Publish Iconoclast research release

3236af9 21 days ago

5.23 kB

	---
	license: agpl-3.0
	tags:
	- research
	- representation-editing
	- abliteration
	- model-editing
	- alignment
	- transformers
	---

	# ICONOCLAST

	ICONOCLAST is a research framework for discriminative representation editing in open-weight language models. This repository packages the local research release for the `iconoclast` project: source code, configs, benchmark summaries, and documentation supporting the claim that ICONOCLAST improves on the HERETIC baseline in matched comparisons.

	This release does not currently include merged model weights or LoRA adapters. It is a research artifact release, not a ready-to-run model checkpoint release.

	## What we did

	ICONOCLAST starts from the same general abliteration setting as HERETIC: collect residual activations from harmful and harmless prompts, estimate refusal directions, and edit transformer projections with lightweight low-rank updates instead of full retraining.
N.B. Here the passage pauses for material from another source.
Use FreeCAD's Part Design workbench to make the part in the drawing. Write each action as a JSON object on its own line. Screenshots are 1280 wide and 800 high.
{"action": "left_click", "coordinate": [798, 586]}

	The main change is that ICONOCLAST does not treat refusal removal as a single-vector problem. It estimates multiple candidate directions from contrastive activations, projects those directions away from a low-rank benign subspace, and then searches for edits that reduce harmful refusals while preserving benign behavior.

	At a high level, the pipeline is:

	1. Extract per-layer residuals from harmful and harmless prompt sets.
	2. Build candidate directions using mean, median, variance-scaled, and hybrid estimators.
	3. Estimate a benign PCA subspace from harmless residuals.
	4. Project candidate edit directions into the null space of that benign subspace.
	5. Apply the edit to attention output and MLP down-projection modules through LoRA adapters.
	6. Optimize layer weighting and direction choices with Optuna against harmful refusals, benign overrefusals, and KL divergence.

	## Why this is better than HERETIC

	HERETIC is strong because it automates directional ablation well, but its core edit is still centered on a single refusal direction. That can remove refusals at the cost of collateral damage when benign capability pathways overlap the same geometry.

	ICONOCLAST improves on that in three ways:

	- `Benign-subspace protection`: candidate refusal directions are projected out of a low-rank harmless residual subspace before editing.
	- `Richer optimization target`: the search objective is not only refusals plus KL, but also overrefusals and disclaimer-heavy near-misses.
	- `More flexible direction construction`: ICONOCLAST can optimize over mean, median, variance, and hybrid directions instead of relying on one refusal-vector family.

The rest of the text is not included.